Back to my rambling ... I still find it amazing that God chose to speak to me in my dreams, as well as in the poems that I write. I tell you, angel moms/dads ... my faith in God's existence and His unconditional love for us, and in His awesome power is strengthened because of the things He has revealed to me through the years on an ongoing basis; even before I lost my beloved daughter; Diane ... Only I didn't understand what was going on back during those days! I know now that God was preparing me for sometime wayyyyyyy in the future! By the time I began to realize what He was doing and why, ... Boy, was I ANGRY! Which, by the way, is just another way of saying MY HEART WAS SHATTERED!!! In other words; God was preparing me to survive losing Diane! I know that now. :) Otherwise, I wouldn't be here! :) And, I thank God every day for finally revealing these things to me, [In His time] :) And, Lord, do I thank Him now, for being my spear of strength back then, ... even though I didn't know it at the time, :) and for keeping me from giving up! As I've told angel moms here many times through the years; When I lost Diane, ... God acted as though He didn't even hear me, each time I begged Him to just let me die! :) To God be the glory!!! :)

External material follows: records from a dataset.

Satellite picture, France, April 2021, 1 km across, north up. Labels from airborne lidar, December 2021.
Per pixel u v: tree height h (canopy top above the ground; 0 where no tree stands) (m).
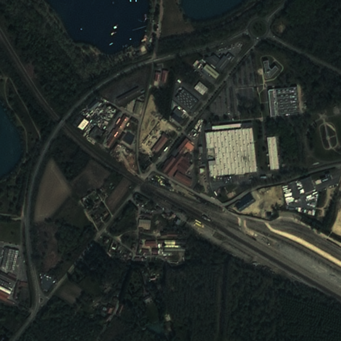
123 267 16
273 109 0
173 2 0
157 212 0
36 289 0
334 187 0
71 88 13
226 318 32
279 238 0
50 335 14
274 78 0
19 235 0
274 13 0
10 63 9
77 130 12
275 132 19
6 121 0
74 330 15
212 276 36
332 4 19
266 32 0
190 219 0
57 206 0
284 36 13
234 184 0
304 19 20
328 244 0
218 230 0
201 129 0
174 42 23
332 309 23
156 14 12
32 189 0
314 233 0
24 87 11
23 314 7
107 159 0
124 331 11
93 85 16
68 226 12
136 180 0
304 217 14
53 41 16
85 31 0
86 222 0
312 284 0
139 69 21
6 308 14
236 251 0
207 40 21
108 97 0
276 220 0
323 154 0
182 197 0
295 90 0
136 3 0
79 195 0
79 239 18
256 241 0
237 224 0
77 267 15
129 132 0
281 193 0
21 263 0
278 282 9
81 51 11
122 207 0
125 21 0
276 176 0
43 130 13
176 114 0
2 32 0
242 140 0
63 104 15
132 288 10
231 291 36
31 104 11
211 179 0
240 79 11
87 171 0
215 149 0
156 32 0
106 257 28
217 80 0
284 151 19
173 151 0
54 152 9
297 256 0
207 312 39
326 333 18
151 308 0
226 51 0
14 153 0
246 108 30
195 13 0
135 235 0
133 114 0
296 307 22
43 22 27
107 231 0
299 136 31
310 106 22
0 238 0
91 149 0
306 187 0
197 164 17
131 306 24
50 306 18
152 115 0
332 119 0
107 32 0
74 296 0
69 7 0
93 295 8
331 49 7
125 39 0
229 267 36
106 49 0
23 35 22
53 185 0
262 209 0
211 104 0
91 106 0
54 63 19
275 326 31
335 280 0
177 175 0
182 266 11
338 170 0
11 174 15
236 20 21
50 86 17
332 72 21
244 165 0
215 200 0
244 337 8
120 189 0
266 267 0
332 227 0
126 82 0
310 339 19
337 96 19
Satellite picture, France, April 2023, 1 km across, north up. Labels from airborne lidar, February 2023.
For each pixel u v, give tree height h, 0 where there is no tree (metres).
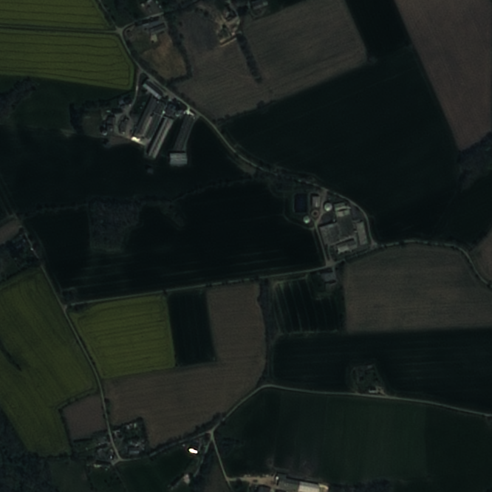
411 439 0
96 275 0
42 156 0
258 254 0
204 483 12
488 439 0
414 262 0
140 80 0
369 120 0
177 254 0
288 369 0
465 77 0
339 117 0
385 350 0
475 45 0
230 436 0
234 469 0
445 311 0
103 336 0
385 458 0
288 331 0
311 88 0
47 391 0
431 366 0
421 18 0
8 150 0
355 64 0
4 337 0
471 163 18
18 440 11
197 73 0
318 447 0
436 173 0
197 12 7
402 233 0
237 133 0
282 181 13
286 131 0
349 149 0
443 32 0
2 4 0
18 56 0
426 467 0
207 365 0
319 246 0
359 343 0
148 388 0
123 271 0
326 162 0
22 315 0
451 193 0
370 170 0
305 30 0
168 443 9
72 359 0
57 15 0
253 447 0
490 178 0
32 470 15
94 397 0
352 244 0
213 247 0
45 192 0
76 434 0
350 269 0
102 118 0
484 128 0
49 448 0
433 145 0
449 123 0
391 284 0
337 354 0
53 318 0
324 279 0
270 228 0
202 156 0
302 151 0
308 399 0
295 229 0
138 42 0
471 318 0
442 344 0
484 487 0
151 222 0
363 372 6
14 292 0
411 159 0
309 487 7
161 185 0
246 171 0
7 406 0
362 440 0
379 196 0
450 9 0
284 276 0
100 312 0
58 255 0
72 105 0
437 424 0
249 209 0
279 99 0
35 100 0
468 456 0
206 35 0
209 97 0
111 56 0
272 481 0
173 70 0
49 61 0
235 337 0
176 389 0
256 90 0
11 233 0
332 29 0
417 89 0
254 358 0
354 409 0
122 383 0
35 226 0
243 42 16
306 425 0
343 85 0
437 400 0
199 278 0
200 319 0
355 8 0
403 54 0
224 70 0
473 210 0
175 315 0
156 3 0
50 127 0
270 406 0
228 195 0
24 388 0
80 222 0
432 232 0
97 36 0
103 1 0
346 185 0
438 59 0
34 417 0
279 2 0
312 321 0
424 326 0
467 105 0
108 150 0
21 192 0
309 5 0
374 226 0
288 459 0
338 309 0
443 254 0
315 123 0
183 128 0
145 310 0
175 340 0
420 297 0
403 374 0
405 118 0
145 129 0
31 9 0
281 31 0
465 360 0
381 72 0
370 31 0
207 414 0
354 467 0
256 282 10
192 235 0
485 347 0
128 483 0
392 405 0
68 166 0
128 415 0
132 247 0
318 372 0
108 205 14
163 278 0
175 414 0
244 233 0
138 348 0
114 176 0
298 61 0
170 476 0
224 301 0
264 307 14
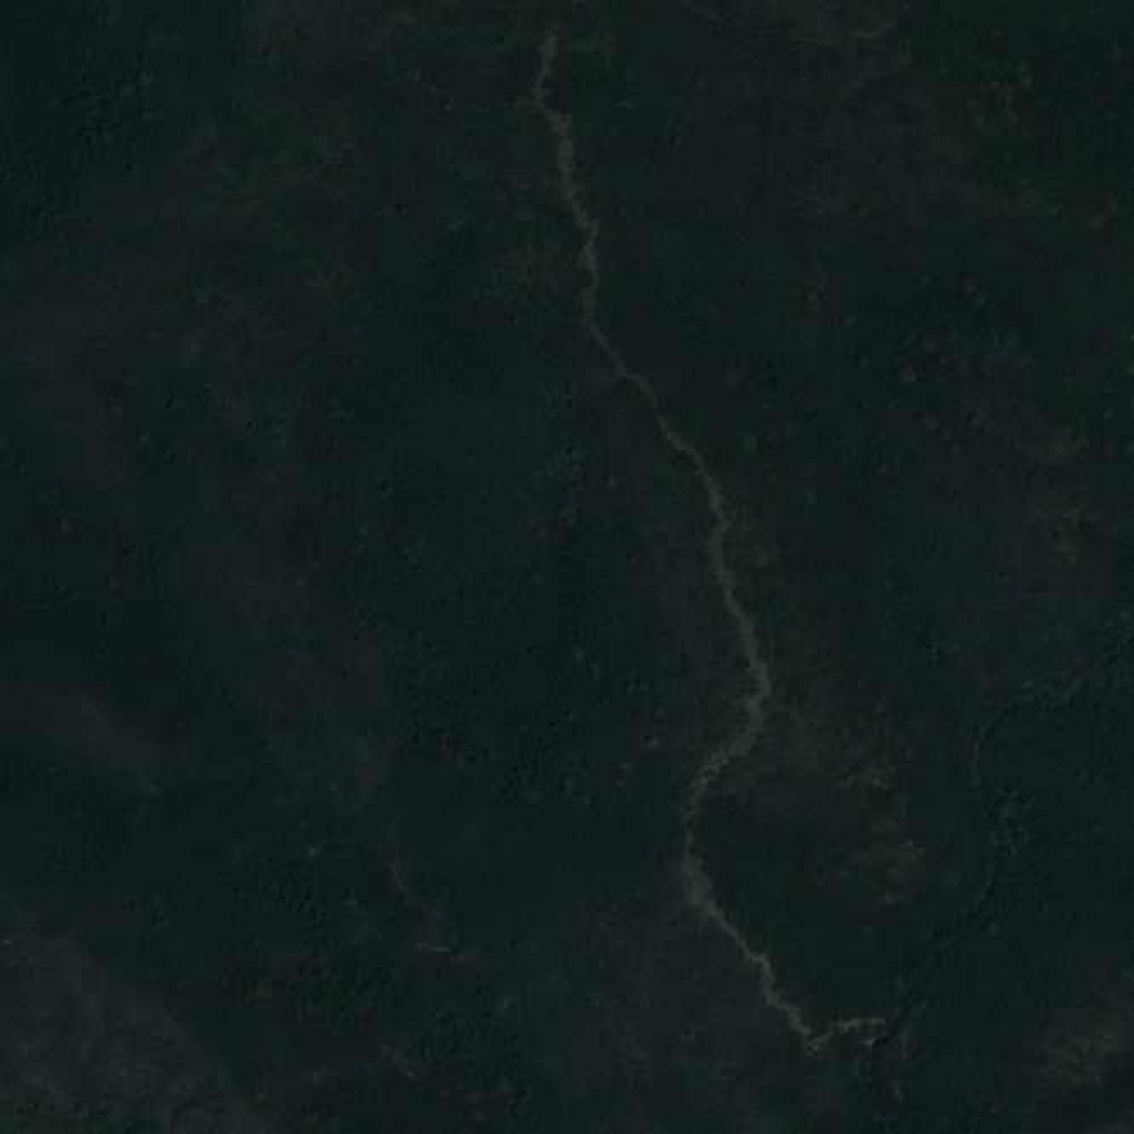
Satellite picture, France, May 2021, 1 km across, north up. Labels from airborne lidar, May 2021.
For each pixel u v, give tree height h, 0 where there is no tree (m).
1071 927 8
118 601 7
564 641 8
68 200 8
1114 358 6
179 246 7
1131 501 6
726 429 6
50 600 17
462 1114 6
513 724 8
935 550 5
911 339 11
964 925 16
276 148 6
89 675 6
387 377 7
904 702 7
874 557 9
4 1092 13
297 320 6
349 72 6
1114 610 8
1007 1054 6
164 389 9
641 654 7
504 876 7
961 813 6
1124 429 7
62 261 12
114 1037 6
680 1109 7
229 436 6
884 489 7
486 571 7
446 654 8
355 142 7
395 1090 6
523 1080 6
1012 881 8
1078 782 6
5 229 6
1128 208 8
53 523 6
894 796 7
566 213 6
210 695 10
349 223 8
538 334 6
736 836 7
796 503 7
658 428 6
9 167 8
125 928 6
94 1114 7
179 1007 7
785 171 7
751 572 7
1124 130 9
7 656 6
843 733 10
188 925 7
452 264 11
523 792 13
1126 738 9
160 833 6
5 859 6
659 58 6
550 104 6
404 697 8
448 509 7
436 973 7
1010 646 6
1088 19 5
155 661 7
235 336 5
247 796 5
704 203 6
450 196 6
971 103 10
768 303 6
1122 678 10
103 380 7
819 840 5
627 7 6
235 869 7
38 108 6
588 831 10
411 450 5
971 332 6
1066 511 8
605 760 7
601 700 8
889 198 5
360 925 7
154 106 6
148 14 6
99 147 12
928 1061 6
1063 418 5
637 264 6
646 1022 0
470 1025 7
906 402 8
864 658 8
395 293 8
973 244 6
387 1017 6
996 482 5
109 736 0
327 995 16
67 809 8
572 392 7
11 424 6
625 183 10
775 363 16
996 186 5
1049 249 6
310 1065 6
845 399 7
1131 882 9
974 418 10
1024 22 7
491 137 6
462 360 11
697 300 15
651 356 6
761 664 0
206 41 8
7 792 15
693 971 7
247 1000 13
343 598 10
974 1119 10
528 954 6
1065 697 11
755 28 6
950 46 7
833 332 6
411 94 7
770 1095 6
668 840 8
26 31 7
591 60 6
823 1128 6
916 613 13
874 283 7
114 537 7
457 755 7
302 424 6
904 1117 11
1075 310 6
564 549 9
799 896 6
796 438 9
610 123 7
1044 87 8
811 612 6
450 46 6
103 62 7
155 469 7
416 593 7
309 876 8
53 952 0
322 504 5
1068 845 7
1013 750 7
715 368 7
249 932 7
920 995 8
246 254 9
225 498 5
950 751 6
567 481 6
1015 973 6
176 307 6
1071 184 6
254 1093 9
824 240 7
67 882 7
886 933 6
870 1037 6
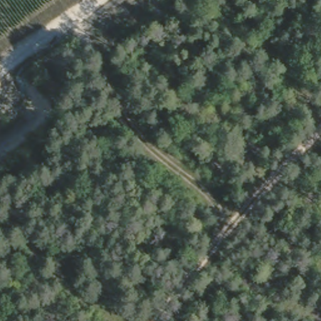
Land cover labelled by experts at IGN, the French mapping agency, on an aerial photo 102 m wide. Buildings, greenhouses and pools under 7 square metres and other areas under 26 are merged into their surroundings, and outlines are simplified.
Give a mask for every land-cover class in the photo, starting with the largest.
<instances>
[{"label":"coniferous trees","instance_id":"1","mask_svg":"<svg viewBox=\"0 0 321 321\"><path fill-rule=\"evenodd\" d=\"M219 14L217 18L209 19L197 13V5L187 8L183 0H108L95 9L93 18L73 20L74 31L68 29L61 33L59 29H55L58 33L49 43L44 44L43 49L29 55L4 75L0 74V286L15 287L18 290L20 283L15 281L18 275L16 260L21 256L26 258L31 271L34 268L43 270L44 277H51L55 273L60 280L59 285H44V293H38L31 298H20L18 302H11L8 295L0 297V321H321V79L313 83L312 80L305 79L301 90L286 89L283 92L286 102H281L280 105L272 103L271 88L282 82L286 71L282 61L292 59L295 51V48L285 43L290 36L286 30L293 24V20H285L282 15L277 14L276 0H216ZM266 19L273 20L275 29L261 44L255 36H251V33L252 30L260 31V26ZM135 49H143L144 53L138 56V66L134 69L135 76L130 78L118 69L117 64L122 63L125 55L133 53ZM227 73L228 78L233 79L237 87L242 85L243 89L247 90L238 102L218 103L214 108H204L193 103L192 98H184L179 102L174 93L192 79L198 88L206 84L213 93H216L222 76H226ZM177 108L197 114L201 123H209L206 128L208 140L204 142L201 137L196 139L199 145L193 148L196 154L194 157H187L179 152L181 142H177L173 129L178 125V119L168 118V109ZM100 138L117 140L120 157L113 160L102 159V153L98 150ZM152 166L159 169L160 173L168 169L172 174H176L184 183V187L193 188L197 184L203 191L206 204L196 206L189 204L186 198L174 197L166 184L160 183L157 187L147 188L149 168ZM85 168H88V177L95 188V199H89L87 202H84V198H75L73 192L66 194L68 189L74 188L76 178L82 176L80 169ZM271 174L278 177L280 182L273 184L272 189L268 191L270 196L260 199L253 197V192L265 184ZM234 212L243 214L245 218L238 222L228 236L218 237V232Z\"/></svg>","mask_w":321,"mask_h":321},{"label":"deciduous trees","instance_id":"2","mask_svg":"<svg viewBox=\"0 0 321 321\"><path fill-rule=\"evenodd\" d=\"M187 8L197 5V13L209 19L217 18L219 14L216 0H183ZM277 14L282 15L285 20H293V24L286 30L290 36L285 43L295 48V51L292 59L282 61L286 71L282 82L271 88L272 103L280 105L281 102H286L283 92L286 89L301 90L305 79L312 80L313 83L321 79V0H276ZM275 29L273 20L266 19L260 26V31L252 30L251 33V36H255L261 44ZM144 53L143 49H135L133 53L125 55L122 63L117 64L118 69L130 78L135 76L134 69L138 66V56ZM247 90L243 89L242 85L237 87L233 79L228 78L227 73L226 76H222L216 93H213L206 84L198 88L192 79L174 93L179 102L184 98H192L193 103L204 108H214L218 103L238 102ZM178 119V125L173 129L177 142H181L179 152L187 157H194L196 154L193 148L199 145L196 139L201 137L204 142L208 140L206 128L209 123H201L197 114L177 108L168 109V118ZM117 140L100 138L98 150L102 153V159L113 160L120 157ZM160 183L166 184L174 197L186 198L189 204L196 206L206 204L203 191L197 184L193 188L184 187V183L176 174H172L168 169L160 173L159 169L152 166L149 168L147 188L157 187ZM82 176L76 178L74 188L68 189L66 194L73 192L75 198H84V202H87L89 199H95V188L88 177V168H85L80 169ZM18 275L15 281L20 283L18 290L15 287L0 286V297L8 295L11 302H18L20 298H31L38 293H44V285H59L60 280L55 273L51 277H44L43 270L34 268L31 271L26 258L21 256L16 260Z\"/></svg>","mask_w":321,"mask_h":321},{"label":"pervious surface","instance_id":"3","mask_svg":"<svg viewBox=\"0 0 321 321\"><path fill-rule=\"evenodd\" d=\"M108 0H82L61 13L58 18L51 20L46 24V28L29 36L23 43L14 45L9 56L0 55V74L4 75L29 55L43 49L44 44L49 43L58 33L55 29H59L61 33L68 29L74 31L73 20L93 18L95 9ZM280 182L278 177L271 174L265 184L253 192V197L260 199L270 196L268 191L272 189L273 184ZM245 218L243 214L234 212L218 232V237L228 236L238 222Z\"/></svg>","mask_w":321,"mask_h":321},{"label":"vineyard","instance_id":"4","mask_svg":"<svg viewBox=\"0 0 321 321\"><path fill-rule=\"evenodd\" d=\"M82 0H0V55L9 56L14 45L23 43L29 36L46 28V24L51 20L58 18L61 13Z\"/></svg>","mask_w":321,"mask_h":321}]
</instances>
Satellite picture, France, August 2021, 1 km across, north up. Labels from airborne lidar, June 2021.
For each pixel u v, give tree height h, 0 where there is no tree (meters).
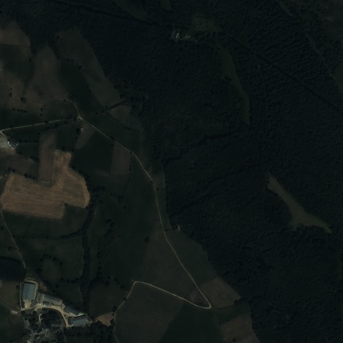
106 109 6
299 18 13
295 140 23
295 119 18
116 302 0
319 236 18
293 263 30
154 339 0
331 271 18
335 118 19
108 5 24
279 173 25
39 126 0
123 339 0
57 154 0
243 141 24
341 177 25
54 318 13
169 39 10
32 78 0
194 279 0
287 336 21
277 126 17
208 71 22
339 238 19
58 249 0
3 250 0
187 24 12
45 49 0
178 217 15
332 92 13
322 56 8
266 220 19
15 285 0
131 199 0
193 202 11
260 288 20
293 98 18
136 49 26
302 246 26
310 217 0
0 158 0
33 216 0
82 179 0
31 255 0
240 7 22
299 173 27
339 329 28
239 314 0
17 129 0
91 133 0
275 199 22
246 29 21
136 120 0
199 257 0
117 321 0
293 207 0
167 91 19
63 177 0
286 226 25
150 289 0
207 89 29
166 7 0
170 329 0
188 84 18
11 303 0
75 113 0
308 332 18
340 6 0
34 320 9
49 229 0
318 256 20
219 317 0
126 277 0
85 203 0
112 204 0
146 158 0
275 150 15
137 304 0
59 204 0
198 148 25
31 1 18
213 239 23
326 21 10
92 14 19
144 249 0
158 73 18
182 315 0
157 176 0
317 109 19
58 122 0
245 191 21
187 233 15
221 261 27
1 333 0
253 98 22
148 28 23
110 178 0
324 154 21
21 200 0
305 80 19
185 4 23
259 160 14
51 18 19
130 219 0
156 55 20
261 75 26
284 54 24
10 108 0
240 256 23
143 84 16
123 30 32
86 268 17
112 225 11
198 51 21
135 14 0
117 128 0
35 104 0
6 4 16
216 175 12
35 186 0
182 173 16
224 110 24
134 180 0
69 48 0
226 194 23
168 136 6
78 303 0
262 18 29
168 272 0
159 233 0
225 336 0
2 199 0
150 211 0
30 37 6
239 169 20
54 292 11
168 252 0
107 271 0
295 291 26
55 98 0
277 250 27
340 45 14
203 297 0
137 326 0
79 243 0
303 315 29
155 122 18
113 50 23
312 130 21
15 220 0
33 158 12
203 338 0
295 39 18
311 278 21
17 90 0
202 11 22
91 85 0
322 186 29
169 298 0
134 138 0
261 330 24
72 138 0
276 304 27
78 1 20
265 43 25
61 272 0
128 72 20
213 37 15
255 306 20
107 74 19
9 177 0
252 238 23
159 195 0
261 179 26
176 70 15
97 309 0
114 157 0
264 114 24
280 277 20
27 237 0
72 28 11
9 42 0
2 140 0
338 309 7
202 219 29
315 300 26
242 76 23
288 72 23
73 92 0
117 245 0
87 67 0
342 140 20
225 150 24
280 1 17
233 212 16
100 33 22
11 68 0
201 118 28
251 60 31
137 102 14
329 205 22
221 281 0
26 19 15
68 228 0
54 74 0
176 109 20
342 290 6
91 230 0
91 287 16
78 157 0
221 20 24
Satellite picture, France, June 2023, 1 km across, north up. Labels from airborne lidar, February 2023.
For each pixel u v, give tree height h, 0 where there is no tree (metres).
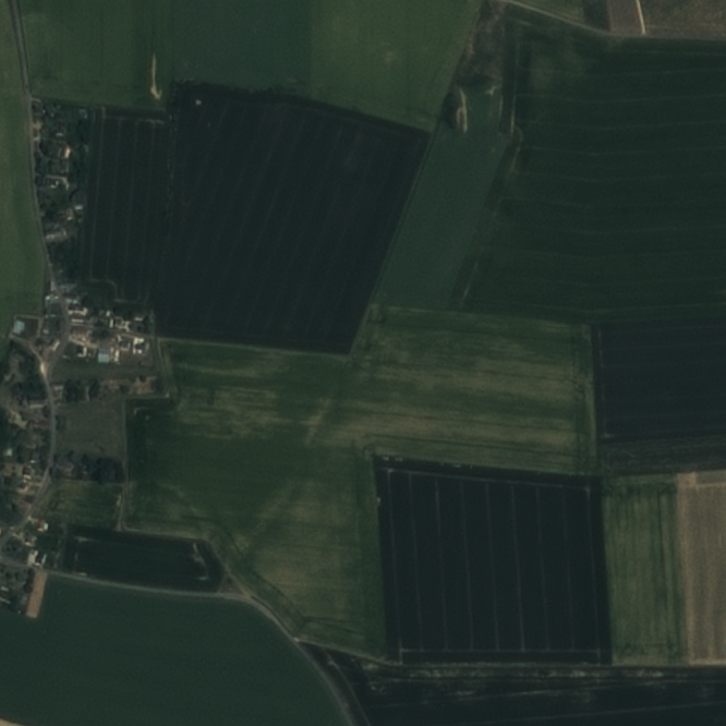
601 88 0
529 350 0
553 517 0
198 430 0
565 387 0
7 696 0
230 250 0
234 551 0
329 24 0
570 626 0
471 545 0
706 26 0
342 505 0
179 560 0
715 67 0
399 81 0
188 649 0
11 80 0
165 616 0
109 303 0
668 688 0
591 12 0
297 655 0
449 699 0
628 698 0
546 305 0
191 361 0
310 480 0
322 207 0
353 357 0
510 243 0
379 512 0
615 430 0
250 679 0
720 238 0
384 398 0
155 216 0
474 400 0
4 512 0
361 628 0
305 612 0
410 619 0
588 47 0
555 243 0
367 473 0
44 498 0
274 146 0
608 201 0
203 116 0
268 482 0
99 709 0
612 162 0
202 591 0
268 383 0
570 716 0
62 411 0
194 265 0
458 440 0
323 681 0
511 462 0
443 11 0
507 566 0
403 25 0
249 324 0
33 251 0
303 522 0
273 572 0
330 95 0
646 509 0
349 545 0
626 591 0
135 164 0
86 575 0
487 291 0
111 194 0
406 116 0
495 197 0
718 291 0
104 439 0
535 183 0
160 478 0
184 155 0
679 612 0
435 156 0
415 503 0
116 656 0
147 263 0
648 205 0
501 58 0
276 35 0
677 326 0
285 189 0
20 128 0
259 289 0
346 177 0
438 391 0
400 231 0
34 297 0
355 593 0
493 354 0
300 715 0
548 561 0
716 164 0
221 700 0
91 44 0
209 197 0
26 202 0
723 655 0
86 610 0
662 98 0
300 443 0
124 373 0
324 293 0
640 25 0
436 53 0
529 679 0
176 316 0
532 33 0
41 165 19
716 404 0
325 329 0
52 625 0
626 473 0
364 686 0
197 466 0
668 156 0
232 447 0
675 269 0
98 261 0
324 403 0
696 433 0
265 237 0
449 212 0
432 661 0
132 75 0
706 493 0
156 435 0
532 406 0
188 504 0
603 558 0
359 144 0
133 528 0
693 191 0
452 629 0
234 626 0
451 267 0
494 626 0
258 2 0
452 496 0
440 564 0
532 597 0
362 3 0
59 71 0
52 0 0
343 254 0
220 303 0
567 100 0
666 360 0
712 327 0
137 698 0
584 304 0
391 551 0
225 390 0
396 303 0
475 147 0
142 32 0
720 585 0
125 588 0
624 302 0
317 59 0
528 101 0
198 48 0
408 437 0
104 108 0
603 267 0
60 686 0
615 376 0
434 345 0
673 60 0

Hang in there, angel moms/dads, ... 'Cause God "Ain't" through with you yet! :)

Much love, heartfelt prayers, & Angel Hugs,

Verna
AKA Miss V. :)
[Diane's Mom]
8/16/60~8/31/96
www.thespearofstrength.com


LOVE2U
7/22/2005 03:30

Dear God, ~ Thank you for Sandy, and the Beliefnet staff, for providing this warm and wonderful and much needed safe haven for angel moms/angel dads/ ... as well as all others who come here to share words of compassion and to pray for us and with us. Whether we are in the valley, experiencing sadness, anger, anxiety, or having a hilltop day; experiencing a measure of new found joy and precious moments of divine peace. We are grateful to You, Lord, for Your divine wisdom, Your patience; for standing by us, for hearing our prayers, for leading us and guiding each of us along our unique journey. Thank You for drawing each of us nearer my God to Thee. And even if I am down in the valley later today or tomorrow, ... If it is within Your will for me,I know You will give me the strength I need ... In Your own time ... to climb back up each time I stumble or fall. That is just the kind of Father You are! Father, I know not the day or the hour or the minute ... But I know in my heart and soul that when my time comes, You will be there, just as You were for my Diane, and each and every other Guardian Angel! :) And, for that, ... I am mighty, mighty grateful!!! On behalf of all bereaved parents ... In the precious name of our Lord and Savior, I pray this prayer, ... Amen!


bigshug85
7/22/2005 12:45

my name is maria bertreaux,i also lost my son feb,21.2004,he was murder then raped,and since then my life has been a living hell,i feel like i was murdered to.i have not found a way to deal with this.


jhdanner
7/22/2005 22:10

Hi Marie, I am deeply sorry that you lost you beloved son. I to, am new to this prayer circle and you will meet so many wounderful, loving, God filled,anglemoms here. My grief is the same as yours except I lost my daughter 12 years ago. The pain is still there and sometimes just as great but with time it is not as intense. God is there for you honey and so are all of us angle moms. As they all will tell you we all still have bad days and this is a place where you will be excepted, understood, and never judged for how you feel or what you say. This is a place where you can let it all out and we all understand. You will never have to feel alone b-cause thats what we are here for. Marie, I can relate to how you feel when you said that you feel you have been murdered also. My daughter was murdered by her babysitter when she was 4 1/2 mounths old. I to felt like I was dead to. The only thing that kept me going was her twin sister, and I can look back now and say that only by the grace of God did I survive. It's normal to question your faith in God, and to even be angry wiyh him. All of us anglemoms will agree that we've felt the same in the begining. Don't loose the faith and know that you have many people here praying for you. Love and Butterfly hugs, Jennifer


LOVE2U
7/22/2005 22:32

[1]
Hello Bigshug85, ~ Welcome to our prayer/support circle of love. I am so very, very sorry to read about the loss of your beloved son, Michael. Please know that I, and the other angel moms who have read your post will storm heaven with prayer, on an ongoing basis; asking our Lord and Savior to provide you with precious moments of peace and relief from the indescribable grief and pain which I know you are feeling. You are no doubt still in shock ... also in the very early stages which is so very difficult.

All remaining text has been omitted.